Chris Brooks

No. 83
- Position: Wide receiver

Personal information
- Born: February 5, 1987 (age 39) St. Louis, Missouri, U.S.
- Listed height: 6 ft 2 in (1.88 m)
- Listed weight: 210 lb (95 kg)

Career information
- College: Nebraska
- NFL draft: 2010 (undrafted)

Career history
- Tampa Bay Buccaneers (2010)*; Indianapolis Colts (2010–2011);
- * Offseason or practice squad member only

Career NFL statistics
- Games played: 1
- Stats at Pro Football Reference

= Chris Brooks (wide receiver) =

American football player (born 1987)

Chris Brooks (born February 5, 1987) is an American former professional football player who was a wide receiver in the National Football League (NFL). He was signed by the Tampa Bay Buccaneers as an undrafted free agent in 2010. He played college football for the Nebraska Cornhuskers.

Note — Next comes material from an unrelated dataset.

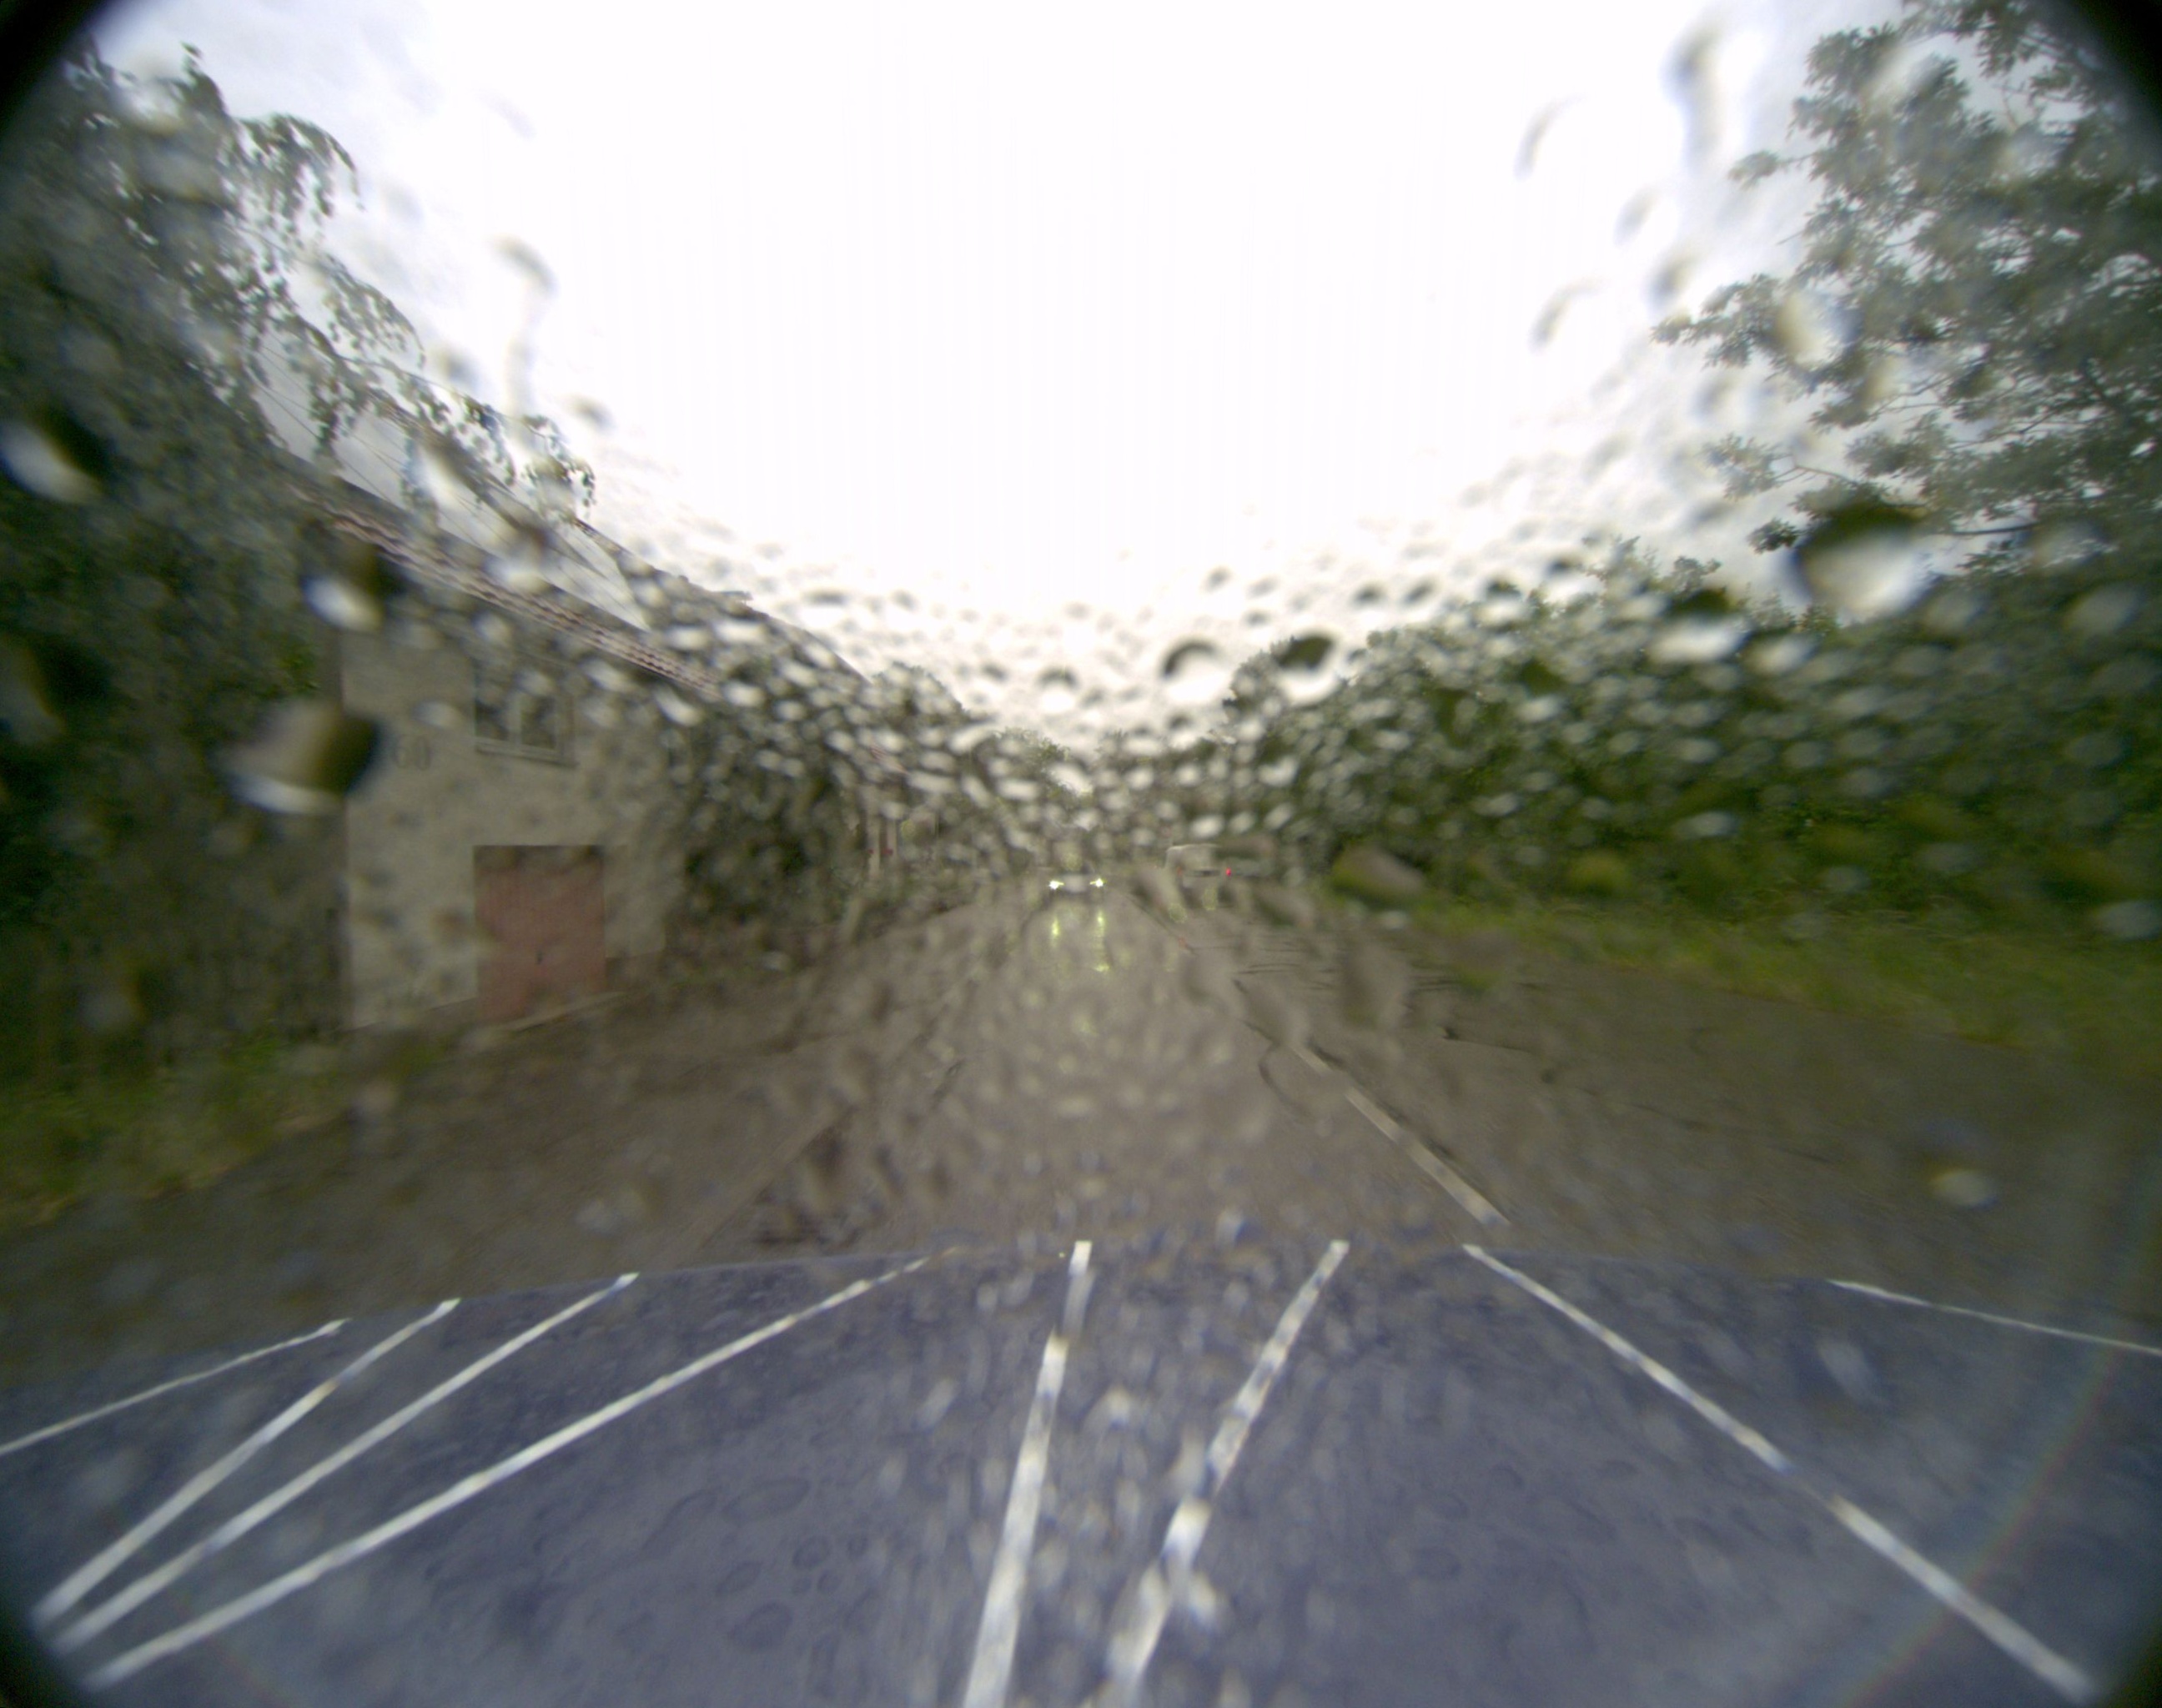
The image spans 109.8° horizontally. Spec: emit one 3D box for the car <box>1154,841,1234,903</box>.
[{"bbox_3d":[3.738,0.549,25.741,1.837,1.853,3.953,-2,1,-3],"label":"car"}]

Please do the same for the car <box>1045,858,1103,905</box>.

Brooks also played for the Indianapolis Colts.

==Professional career==

Pre-draft measurables
| Height | Weight | 40-yard dash | 10-yard split | 20-yard split | 20-yard shuttle | Three-cone drill | Vertical jump | Broad jump | Bench press |
| 6 ft 1+3⁄4 in (1.87 m) | 215 lb (98 kg) | 4.47 s | 1.60 s | 2.62 s | 4.28 s | 7.22 s | 33.0 in (0.84 m) | 9 ft 6 in (2.90 m) | 14 reps |
All values from Pro Day

===Tampa Bay Buccaneers===
After going undrafted in the 2010 NFL draft, Brooks signed with the Tampa Bay Buccaneers as an undrafted free agent on May 3, 2010. He was cut on August 26, 2010.

===Indianapolis Colts===
Brooks was signed to the Indianapolis Colts practice squad on September 29, 2010. He was promoted to the active roster and played on November 14, 2010. He was cut three days later on November 17, 2010 and re-signed to the practice squad. He was signed to a future contract on January 11, 2011. Brooks was waived during final cuts on September 3, 2011, and re-signed to the Colts' practice squad the following day. He was released on September 13.